Traffico de gli ebrei in Melegnano
Ad integrare la complessità economica melegnanese, nel 1387 un decreto ducale del 5 novembre permise agli ebrei l’entrata nel territorio di Milano, con la facoltà di emettere prestiti e mutui in denaro, con il sistema dell’usura. Essi trafficavano a Milano, ma portavano i loro pegni in località più distanti da Milano: Monza, Abbiategrasso e Melegnano. Questi ebrei potranno vivere in Melegnano per oltre cento anni, quando verrà loro proibito la permanenza di oltre tre giorni nel nostro borgo.  L’esosità ebrea talvolta esasperava i Melegnanesi, come il giovedì santo del 1450 quando fu dato una specie di assalto notturno ad una casa ebrea che ha richiesto l’intervento del magistrato.

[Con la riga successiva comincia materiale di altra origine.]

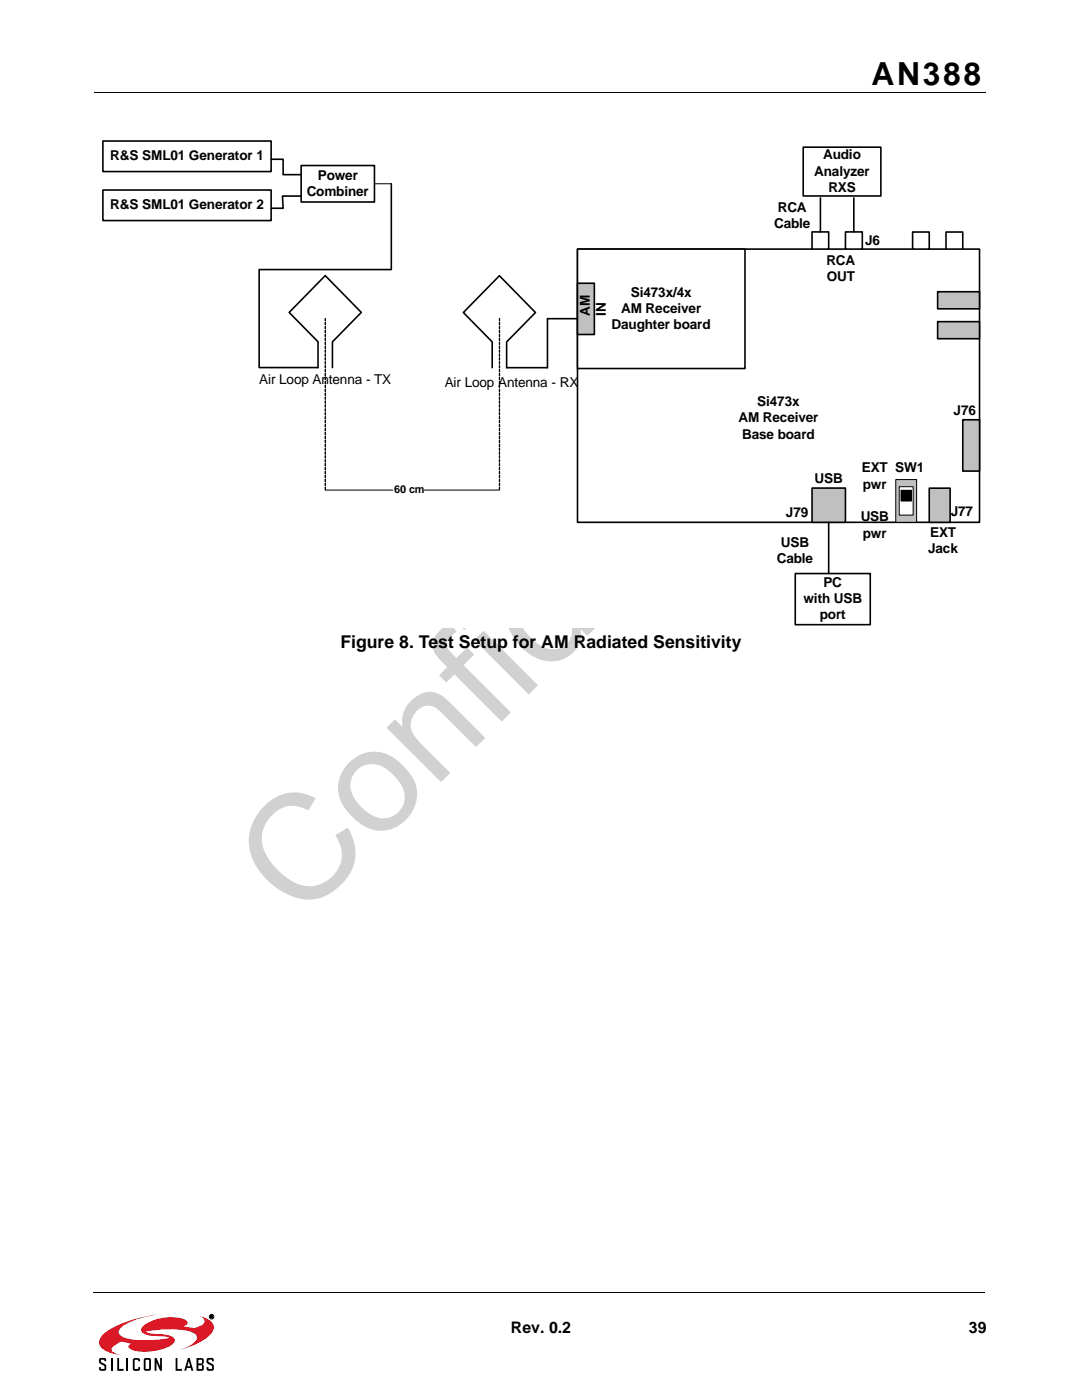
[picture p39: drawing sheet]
<svg xmlns="http://www.w3.org/2000/svg" width="216mm" height="279mm" viewBox="0 0 216 279" stroke-linecap="round" stroke-linejoin="round" font-family="sans-serif">
<defs><g id="words">
<text font-size="6.3" x="173.9" y="16.9">AN388</text>
<text font-size="3.5" x="67.9" y="129.3">Figure 8. Test Setup for AM Radiated Sensitivity</text>
<g font-size="3.2">
<text x="102" y="266">Rev. 0.2</text>
<text x="193.3" y="266">39</text>
</g>
<g font-size="2.7">
<text x="22" y="32">R&amp;S SML01 Generator 1</text>
<text x="63.4" y="35.9">Power</text>
<text x="162.5" y="35">Analyzer</text>
<text x="164.3" y="31.8">Audio</text>
<text x="22" y="41.8">R&amp;S SML01 Generator 2</text>
<text x="61.2" y="39.1">Combiner</text>
<text x="165.3" y="38.3">RXS</text>
<text x="154.5" y="45.5">Cable</text>
<text x="155.2" y="42.2">RCA</text>
<text x="164.9" y="52.8">RCA</text>
<text x="172.6" y="48.8">J6</text>
<text x="125.9" y="59.2">Si473x/4x</text>
<text x="165" y="56.1">OUT</text>
<text x="117.7" y="63.1" transform="rotate(-90 117.7 63.1)">AM</text>
<text x="120.9" y="63.1" transform="rotate(-90 120.9 63.1)">IN</text>
<text x="122" y="65.7">Daughter board</text>
<text x="124" y="62.5">AM Receiver</text>
<text x="51.7" y="76.6">Air Loop Antenna - TX</text>
<text x="88.7" y="77.2">Air Loop Antenna - RX</text>
<text x="151.1" y="81">Si473x</text>
<text x="190.3" y="82.9">J76</text>
<text x="147.3" y="84.3">AM Receiver</text>
<text x="148.1" y="87.6">Base board</text>
<text x="172" y="94.3">EXT SW1</text>
<text x="162.5" y="96.3">USB</text>
<text x="172.2" y="97.5">pwr</text>
<text x="156.8" y="103.2">J79</text>
<text x="171.7" y="104.1">USB</text>
<text x="172.2" y="107.3">pwr</text>
<text x="185.6" y="107.1">EXT</text>
<text x="189.7" y="103">J77</text>
<text x="155" y="112.4">Cable</text>
<text x="155.8" y="109.2">USB</text>
<text x="185.2" y="110.4">Jack</text>
<text x="164.3" y="117.1">PC</text>
<text x="160.3" y="120.4">with USB</text>
<text x="163.6" y="123.6">port</text>
</g>
<text font-size="2.2" x="78.7" y="98.4">60 cm</text>
</g></defs>
<path d="M20.7 266.2a21.4 21.4 0 0 1 9.7-3.7l1.5-.2a16.9 16.9 0 0 0-7.6 2.5 1.05 1.05 0 0 0-.6 1 1.05 1.05 0 0 0 .7 1 17 17 0 0 0 9 .3l.5-.1a11.4 11.4 0 0 0-3.8-.4l-.4-.1a1.42 1.42 0 0 1-1.5-1.1 2.83 2.83 0 0 1 1.8-1.7 9.2 9.2 0 0 1 7.1-.3 .66 .66 0 0 1 .3 .8 .66 .66 0 0 1-.7 .5h-.1a4.3 4.3 0 0 0 3.4-.1 .97 .97 0 0 0 .8-.9 .97 .97 0 0 0-.7-1l-.4-.1 .6 .1a2.73 2.73 0 0 1 2.4 2.4 5.5 5.5 0 0 1-3.4 3l-3.7 1.4a6.3 6.3 0 0 0 3.7-2.3 1.39 1.39 0 0 0-1.4-1.5 21.1 21.1 0 0 0-8.9 .1l1.1 .3a10.3 10.3 0 0 1 4.4 .8 .81 .81 0 0 1-.1 1.4 10.1 10.1 0 0 1-8.3 1l-.5-.6 .5-.5-1.9-.5-.6 .4a1.81 1.81 0 0 0-1.3 1.3l.6 .6 1.2 .5-1.6-.3a3.4 3.4 0 0 1-2.7-2 2.19 2.19 0 0 1 .9-2z" fill="#da1826"/>
<g fill="none" stroke="#000" stroke-width=".2">
<path d="M18.8 18.4h177.8M18.6 257.9h177.8M42 262.5l.4 .1-.1 .2 .2 .2-.4-.2-.1 .2zM42.1 262.6l.3 .1h-.3z"/>
<circle cx="42.2" cy="262.8" r=".45"/>
</g>
<g fill="#000">
<path d="M19.8 271.2l.3-.2h.7h.2l.2 .4v.3h-.4v-.3h-.7v.4l1.1 .7v.9l-.4 .2-.9-.1-.1-.7h.3v.4h.7v-.6l-.1-.1a1.14 1.14 0 0 1-1-.7zM23.4 271h.4v2.2h.9v.4h-1.3zM26.6 271.2l.3-.2h.7l.3 .2v.5h-.3v-.3h-.7v1.8h.7v-.4h.3v.4l-.1 .3-.9 .1-.3-.2zM30.8 271h.4l.7 1.7v-1.7h.4v2.6h-.4l-.7-1.7v1.7h-.4zM35 271h.4v2.2h.9v.4h-1.3zM41.3 271.2l.3-.2h.7h.2l.2 .4v.3h-.4v-.3h-.7v.4l1 .7v.9l-.3 .2-.9-.1-.2-.7h.4v.4h.7v-.6l-.1-.1a1.14 1.14 0 0 1-1-.7z"/>
<path d="M28.7 271.2v2.2l.3 .2 .9-.1 .2-.3v-2l-.3-.2h-.8zM29 271.4h.8v1.8h-.8z"/>
<path d="M37.5 271l-.7 2.6h.3l.2-.6h.8l.1 .6h.4l-.7-2.6zM37.7 271.6l.2 1.1h-.5z"/>
<path d="M39.2 271v2.6l1.3-.1 .2-.3v-.6l-.3-.3 .3-.3-.1-.8-.3-.2zM39.6 271.4h.7v.7h-.7zM39.6 272.5h.7v.7h-.7z"/>
<path d="M42 262.5l.4 .1-.1 .2 .2 .2-.4-.2-.1 .2zM42.1 262.6v.1h.3z"/>
</g>
<path d="M22.3 271v2.6M25.4 271v2.6" fill="none" stroke="#000" stroke-width=".36"/>
<g fill="#d1d1d1">
<path d="M52.7 160.9a8.1 8.1 0 0 1 10.3-1.6l-1.5 2.4a5.7 5.7 0 0 0-8 1.9 6.5 6.5 0 0 0 .3 8.1 12.2 12.2 0 0 0 7.1 5.1 6.5 6.5 0 0 0 7.2-7.6l-.5-1.2-.7-1.3 2.5-1.5a8.8 8.8 0 0 1-2.4 12.3 8.6 8.6 0 0 1-10.2 .7 13.4 13.4 0 0 1-7.1-9.1 9.8 9.8 0 0 1 3-8.2z"/>
<path d="M82 139.9a4.7 4.7 0 0 1 6.3-1l1.4 1.2 7.1 7.2-1.8 1.8-6.6-6.6a3.8 3.8 0 0 0-3.6-1.6 4 4 0 0 0-1.4 6.8l6.5 6.5-1.9 1.9-10.9-10.9 1.7-1.6 1.5 1.5a5.5 5.5 0 0 1 1.7-5.2z"/>
<path d="M87.9 125.8l1.9-1.6 1.3 1.9a4.3 4.3 0 0 0-2 2.5l.3 1 1.7 1.7 2.1-2.1 1.4 1.4-2.1 2.1 9.4 9.5-1.8 1.8-9.4-9.4-1.7 1.6-1.4-1.4 1.6-1.7-1.1-1.1a4 4 0 0 1-1.6-4.3l.4-.8z"/>
<path d="M127.4 94.4a4.7 4.7 0 0 1 6.3-.9l1.4 1.2 7.2 7.1-1.9 1.9-6.6-6.6a3.8 3.8 0 0 0-3.5-1.6 4 4 0 0 0-1.5 6.8l6.5 6.5-1.8 1.9-10.9-10.9 1.6-1.7 1.6 1.6a5.5 5.5 0 0 1 1.6-5.3z"/>
<path d="M132.6 82.2l3.8 3.8 1.8-1.9 1.5 1.5-1.9 1.8 6.8 6.7a1.42 1.42 0 0 0 2.5-.3l.4-.5 1.9 1.4a6.2 6.2 0 0 1-3.6 2.9 3.6 3.6 0 0 1-3-1.6l-6.8-6.8-1.4 1.4-1.4-1.4 1.4-1.4-2.7-2.7z"/>
<path d="M152.2 61.9l1.8-1.8 15 15-1.8 1.8z"/>
<path d="M69.7 152.2a7 7 0 0 1 10.6 .5 7.8 7.8 0 0 1 2.9 6.3 7.4 7.4 0 0 1-8.8 6.6 10.7 10.7 0 0 1-6.9-7.4 6.9 6.9 0 0 1 2.2-6zM71.2 153.7a4.5 4.5 0 0 0-.1 6.2 7.1 7.1 0 0 0 5.7 3.4 4.4 4.4 0 0 0 3.7-2.9 4.4 4.4 0 0 0-1-4.6 7.7 7.7 0 0 0-5-3.3 4.1 4.1 0 0 0-3.3 1.2z"/>
<path d="M92.4 121.8l2.1 2.1-1.9 1.8-2.1-2.1zM94.6 127.7l1.9-1.8 10.8 10.9-1.8 1.8z"/>
<path d="M102.1 112l1.8-1.8 15 15-1.7 1.7-1.4-1.4a5.4 5.4 0 0 1-4.5 6.4 8.8 8.8 0 0 1-8.5-4.1 6.5 6.5 0 0 1-.3-8.4 5.2 5.2 0 0 1 5-2zM104.7 120.3a4.1 4.1 0 0 0 .2 5.8 8.2 8.2 0 0 0 5.1 3.5 3.8 3.8 0 0 0 3.8-2 3.8 3.8 0 0 0-.5-4.3 9.1 9.1 0 0 0-5.5-4.1 3.7 3.7 0 0 0-3.1 1.1z"/>
<path d="M115.1 106.7a6.8 6.8 0 0 1 10 .1l1.1 1.2-8.1 8.1a4.9 4.9 0 0 0 6.5 .8 4.1 4.1 0 0 0 1.1-5.5l2.2-1.7a6.6 6.6 0 0 1-1.9 8.8 6.8 6.8 0 0 1-9.5-.3 8.4 8.4 0 0 1-3.4-7.7 7 7 0 0 1 2-3.8zM116.7 108.2a4.3 4.3 0 0 0 0 6.2l6.1-6a4.2 4.2 0 0 0-6.1-.2z"/>
<path d="M137.8 76.3l2.1 2.1-1.9 1.9-2.1-2.1zM140.1 82.3l1.8-1.8 10.9 10.8-1.9 1.9z"/>
<path d="M149.1 72.8a6.1 6.1 0 0 1 5-2.3 6.3 6.3 0 0 1 3.3 2.2l3.1 3.2a10.6 10.6 0 0 0 4.1 3.1l.4 .1-2 2-1.7-1a7.9 7.9 0 0 1-5.5 7.4 4.5 4.5 0 0 1-4.5-2.3 4.5 4.5 0 0 1 .5-5l2.6-3.5 1.2-2a3 3 0 0 0-3.9-1.2 5.2 5.2 0 0 0-2.9 3.9l.2 1 .5 1.1-2 1.6a5.3 5.3 0 0 1 .3-6.9zM157.1 76.1l-1.5 2.5a10.8 10.8 0 0 0-2.3 3.9 2.37 2.37 0 0 0 1.5 2.3 2.37 2.37 0 0 0 2.7-.6 4.6 4.6 0 0 0 .2-7.4z"/>
</g>
<g fill="#fff">
<path d="M19.9 27.5h176.9v97.8h-176.9z"/>
<path d="M115.2 49.7h80.3v54.5h-80.3z"/>
</g>
<path d="M115.2 49.7h80.3v54.5h-80.3z" fill="none" stroke="#000" stroke-width=".32"/>
<path d="M115.2 49.7h33.5v23.9h-33.5z" fill="#fff"/>
<path d="M115.2 49.7h33.5v23.8h-33.5z" fill="none" stroke="#000" stroke-width=".32"/>
<path d="M160.3 29.4h15.5v9.7h-15.5z" fill="#fff"/>
<path d="M160.3 29.4h15.5v9.7h-15.5z" fill="none" stroke="#000" stroke-width=".32"/>
<path d="M158.7 114.5h15v10.2h-15z" fill="#fff"/>
<path d="M158.7 114.5h15v10.2h-15z" fill="none" stroke="#000" stroke-width=".32"/>
<path d="M188.8 46.3h3.3v3.4h-3.3z" fill="#fff"/>
<path d="M188.8 46.3h3.3v3.4h-3.3z" fill="none" stroke="#000" stroke-width=".32"/>
<path d="M182.1 46.3h3.3v3.4h-3.3z" fill="#fff"/>
<path d="M182.1 46.3h3.3v3.4h-3.3z" fill="none" stroke="#000" stroke-width=".32"/>
<path d="M168.7 46.3h3.4v3.4h-3.4z" fill="#fff"/>
<path d="M168.7 46.3h3.4v3.4h-3.4z" fill="none" stroke="#000" stroke-width=".32"/>
<path d="M162 46.3h3.4v3.4h-3.4z" fill="#fff"/>
<path d="M163.7 39.5v6.8M170.4 39.5v6.8M162 46.3h3.4v3.4h-3.4z" fill="none" stroke="#000" stroke-width=".32"/>
<path d="M187.1 58.2h8.4v3.4h-8.4z" fill="#c0c0c0"/>
<path d="M187.1 58.2h8.4v3.4h-8.4z" fill="none" stroke="#000" stroke-width=".32"/>
<path d="M187.1 64.2h8.4v3.4h-8.4z" fill="#c0c0c0"/>
<path d="M187.1 64.2h8.4v3.4h-8.4z" fill="none" stroke="#000" stroke-width=".32"/>
<path d="M162 97.4h6.7v6.8h-6.7z" fill="#c0c0c0"/>
<path d="M162 97.4h6.7v6.8h-6.7z" fill="none" stroke="#000" stroke-width=".32"/>
<path d="M192.1 83.8h3.4v10.2h-3.4z" fill="#c0c0c0"/>
<path d="M192.1 83.8h3.4v10.2h-3.4zM165.4 104.2v10.3" fill="none" stroke="#000" stroke-width=".32"/>
<path d="M178.7 95.7h4.2v8.5h-4.2z" fill="#c0c0c0"/>
<path d="M178.7 95.7h4.2v8.5h-4.2z" fill="none" stroke="#000" stroke-width=".2"/>
<path d="M179.4 97.1h2.8v5.7h-2.8z" fill="#fff"/>
<path d="M179.4 97.1h2.8v5.7h-2.8zM179.8 97.8h2.1v2.2h-2.1z" fill="none" stroke="#000" stroke-width=".2"/>
<path d="M179.8 97.9h2.1v2.1h-2.1z" fill="#000"/>
<path d="M185.4 97.4h4.2v6.8h-4.2z" fill="#c0c0c0"/>
<path d="M185.4 97.4h4.2v6.8h-4.2z" fill="none" stroke="#000" stroke-width=".32"/>
<path d="M115.2 56.5h3.4v10.3h-3.4z" fill="#c0c0c0"/>
<path d="M115.2 56.5h3.4v10.3h-3.4z" fill="none" stroke="#000" stroke-width=".32"/>
<path d="M20.5 28.2h33.6v6h-33.6z" fill="#fff"/>
<path d="M20.5 28.1h33.6v6.1h-33.6z" fill="none" stroke="#000" stroke-width=".32"/>
<path d="M20.5 37.9h33.6v6.1h-33.6z" fill="#fff"/>
<path d="M20.5 37.9h33.6v6.1h-33.6z" fill="none" stroke="#000" stroke-width=".32"/>
<path d="M60.1 33h14.6v7.3h-14.6z" fill="#fff"/>
<path d="M60.1 33h14.6v7.3h-14.6zM63.5 73.4v-5.2l-5.8-5.8 7.2-7.4 7.2 7.4-5.8 5.8v5.2M98.2 73.4v-5.2l-5.7-5.8 7.2-7.4 7.1 7.4-5.7 5.8v5.2" fill="none" stroke="#000" stroke-width=".32"/>
<g fill="#000" stroke="#000" stroke-width=".2">
<path d="M64.9 63.6v.5zM64.9 64.3v.6zM64.9 65.1v.5zM64.9 65.9v.5zM64.9 66.7v.5zM64.9 67.5v.5zM64.9 68.2v.6zM64.9 69v.6zM64.9 69.8v.5zM64.9 70.6v.5zM64.9 71.4v.5zM64.9 72.2v.5zM64.9 72.9v.5zM64.9 73.7v.6zM64.9 74.5v.5zM64.9 75.3v.5zM64.9 76.1v.5zM64.9 76.9v.5zM64.9 77.6v.6zM64.9 78.4v.5zM64.9 79.2v.5zM64.9 80v.5zM64.9 80.8v.5zM64.9 81.6v.5zM64.9 82.3v.5zM64.9 83.1v.5zM64.9 83.9v.5zM64.9 84.7v.5zM64.9 85.4v.6zM64.9 86.2v.6zM64.9 87v.5zM64.9 87.8v.5zM64.9 88.6v.5zM64.9 89.4v.5zM64.9 90.2v.5zM64.9 90.9v.5zM64.9 91.7v.5zM64.9 92.5v.5zM64.9 93.3v.5zM64.9 94.1v.5zM64.9 94.9v.5zM64.9 95.6v.6zM64.9 96.4v.5zM64.9 97.2v.5z"/>
<path d="M99.6 63.6l.1 .5zM99.7 64.3v.6zM99.6 65.1l.1 .5zM99.6 65.9l.1 .5zM99.6 66.7l.1 .5zM99.7 67.5v.5zM99.7 68.2v.6zM99.6 69l.1 .6zM99.7 69.8v.5zM99.6 70.6l.1 .5zM99.6 71.4l.1 .5zM99.7 72.2v.5zM99.6 72.9l.1 .5zM99.6 73.7l.1 .6zM99.7 74.5l-.1 .5zM99.7 75.3v.5zM99.7 76.1v.5zM99.6 76.9l.1 .5zM99.7 77.6v.6zM99.7 78.4l-.1 .5zM99.7 79.2v.5zM99.7 80l-.1 .5zM99.6 80.8l.1 .5zM99.7 81.6v.5zM99.7 82.3l-.1 .5zM99.6 83.1l.1 .5zM99.7 83.9v.5zM99.6 84.7l.1 .5zM99.7 85.4v.6zM99.7 86.2l-.1 .6zM99.7 87v.5zM99.7 87.8v.5zM99.6 88.6l.1 .5zM99.6 89.4l.1 .5zM99.6 90.2l.1 .5zM99.7 90.9v.5zM99.7 91.7v.5zM99.6 92.5l.1 .5zM99.6 93.3l.1 .5zM99.6 94.1l.1 .5zM99.6 94.9l.1 .5zM99.7 95.6v.6zM99.6 96.4l.1 .5zM99.6 97.2l.1 .5z"/>
</g>
<path d="M64.9 97.8h34.8" fill="none" stroke="#000" stroke-width=".2"/>
<path d="M78.5 96.5h6.1v2.6h-6.1z" fill="#fff"/>
<path d="M54.1 31.8h2.4v3.1h3.6M60.1 39.1h-3.7l.1 2.5h-2.4M78.1 36.7v17.1h-26.4v19.6h11.8M115.2 63.6h-6v9.8h-8.1" fill="none" stroke="#000" stroke-width=".32"/>
<path d="M74.7 36.7h3.4" fill="none" stroke="#000" stroke-width=".2"/>
<use href="#words"/>
</svg>

Nel 1471 un ebreo, di nome Benedetto, si lego’ amichevolmente al castellano Galeazzo Beccaria che tenne il potere per circa dieci anni, richiamato più volte al dovere dal duca: egli era d’accordo con gli assessori comunali e con i medici del paese, i quali, però, dovevano ascoltare il parere dei padri di famiglia a nome di tutta la comunità melegnanese. Ma il castellano tirava dritto per i suoi affari con l’ebreo, fino all’intervento personale del duca del 28 febbraio 1482.  Tra la schiera degli ebrei accettati e prediletti dai duchi vi era anche un certo Bonomo de’ Melignano il quale è definito dilecto familiari nostro. Egli ebbe pure il passaporto ducale per andare dove voleva, con due compagni di viaggio, sia a piedi, sia a cavallo con i necessari arnesiis, valisiis, bulgis, fardellis. Il nostro melegnanese, quindi, era tra i più graditi al duca - Ludovico il Moro, che fra poco avremo modo di incontrare - il quale scriveva di Bonomo che era in nos ac in statum nostrurn singulari fide et devotione, che significa: questo uomo è di una fedeltà eccezionale e di una devozione rara verso di me e del mio Stato.